**Exercise directions:**
Find the lines below that contain the string "split". Copy each one.
(Listed records Opens)
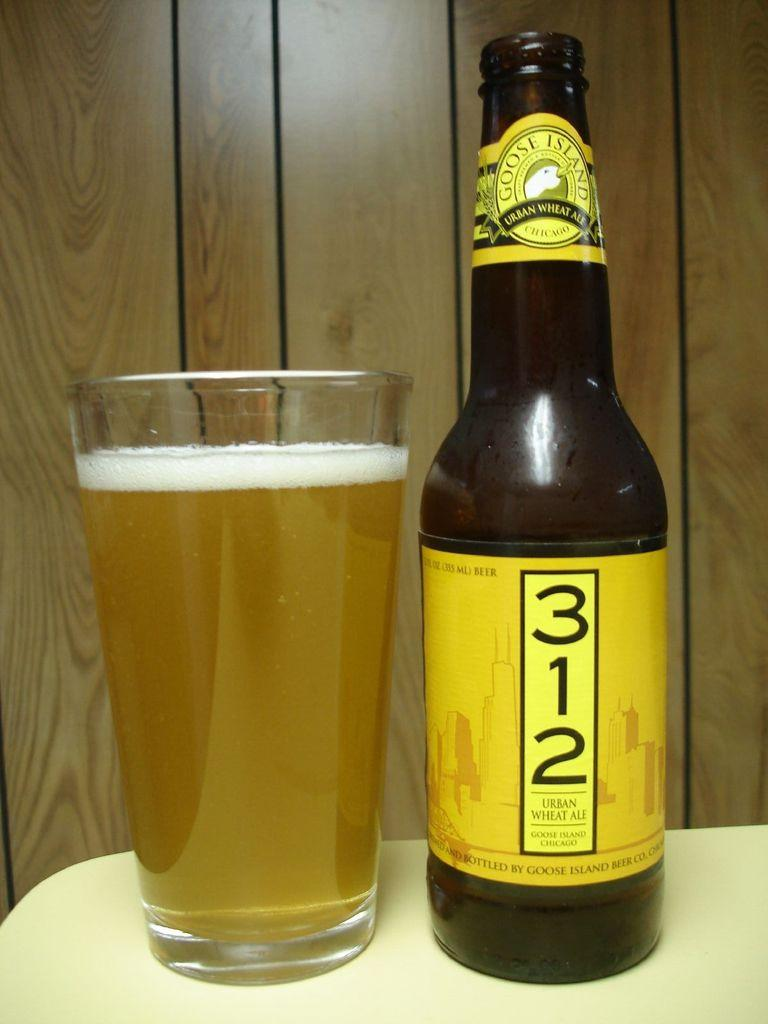<image>
Relay a brief, clear account of the picture shown. A 312 beer bottle is next to a full glass of beer. 
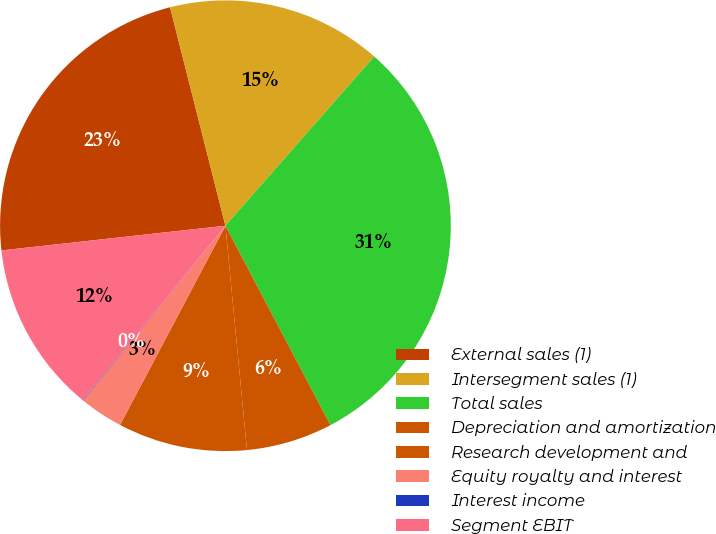Convert chart to OTSL. <chart><loc_0><loc_0><loc_500><loc_500><pie_chart><fcel>External sales (1)<fcel>Intersegment sales (1)<fcel>Total sales<fcel>Depreciation and amortization<fcel>Research development and<fcel>Equity royalty and interest<fcel>Interest income<fcel>Segment EBIT<nl><fcel>22.8%<fcel>15.43%<fcel>30.81%<fcel>6.19%<fcel>9.27%<fcel>3.12%<fcel>0.04%<fcel>12.35%<nl></chart> 
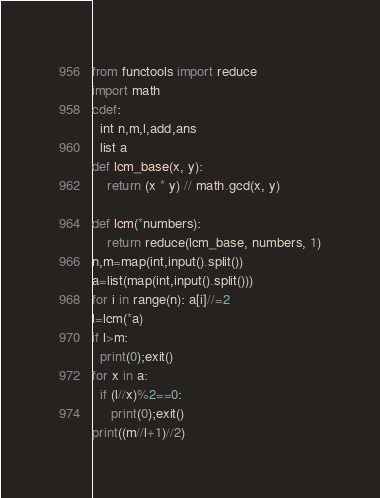Convert code to text. <code><loc_0><loc_0><loc_500><loc_500><_Cython_>from functools import reduce
import math
cdef:
  int n,m,l,add,ans
  list a
def lcm_base(x, y):
    return (x * y) // math.gcd(x, y)

def lcm(*numbers):
    return reduce(lcm_base, numbers, 1)
n,m=map(int,input().split())
a=list(map(int,input().split()))
for i in range(n): a[i]//=2
l=lcm(*a)
if l>m:
  print(0);exit()
for x in a:
  if (l//x)%2==0:
     print(0);exit()
print((m//l+1)//2)</code>
(Listed records Closes)
**Response:**
n,m=map(int,input().split())
a=list(map(int,input().split()))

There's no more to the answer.